Racing 2-0 Vélez 2018.

TRIUNFO EN PAZ

Racing volvió a ganar tras cinco partidos, luego de una semana caótica y con la necesidad de sumar confianza para el duelo de Copa Libertadores. No lució, pero lo hizo con autoridad ante la impericia de Vélez. Eduardo Coudet puede trabajar en paz para perfeccionar un equipo que muestra distintos matices, pero ninguna consistencia.

El partido contra Vélez tenía una importancia distinta para Racing, por la necesidad urgente de volver a ganar para alejar fantasmas y traer paz. Había que imponerse para arrancar bien la Superliga como local tras la frustración en Tucumán y, lo más preponderante, acumular confianza para ir a El Monumental por un boleto a los Cuartos de la Copa Libertadores. No le pareció sobrar nada luego de un arranque frenético, le costó cerrar el partido, perdió las riendas en el segundo tiempo hasta el gol de Pol Fernández. La falta de peso ofensivo de Vélez fue el aliciente necesario para que el resultado no corriera riesgo.

Estratégicamente fue un buen inicio de Coudet: volcó a Matías Zaracho y Ricardo Centurión –más Renzo Saravia- para contraer a Matías Vargas más lejos del arco de Gabriel Arias. A partir de ahí, atacó sistemáticamente a Francisco Ortega, el eslabón débil del Fortín. Con Gustavo Bou pivoteando para las llegadas de Lisandro López, Zaracho y Neri Cardozo, la Academia le ganó rápidamente el medio al rival, encontró superioridad numérica y con una presión asfixiante desactivó al equipo de Gabriel Heinze. Con la ventaja rápida, Racing extendió el dominio hasta la media hora y luego dejó venir al conjunto de Liniers para lastimar con la velocidad de Bou y Centurión. A pesar de la postura permisiva, Vélez nunca pudo controlar la pelota ni alterarle la paz a Arias.
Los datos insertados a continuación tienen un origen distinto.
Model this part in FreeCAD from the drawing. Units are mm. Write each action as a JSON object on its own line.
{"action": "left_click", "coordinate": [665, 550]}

El partido cayó en un pozo donde ni uno ni otro castigaba.

El complemento siguió en una tónica muy similar. Racing se replegó totalmente en busca de contraataques que nunca pudo acertar ni armar bien, mientras que Vélez tenía la pelota de manera intrascendente sin siquiera rematar al arco. La Academia se resguardó en la seguridad impenetrable de Leonardo Sigali, Lucas Orban (otro gran partido), Saravia y Augusto Solari, de muy buen ingreso. El gol de Pol Fernández, tras un error de la defensa fortinera que fue capitalizado por Solari, liquidó el pleito y liberó a Racing, que pudo haber goleado, pero acabó por sellar gran victoria; no por el nivel desplegado ni por enfrentar a un rival que ahogó, sino porque puso fin al derrotero que acarreaba La Acadé. En Racing reina la paz nuevamente tras una sequía que preocupaba.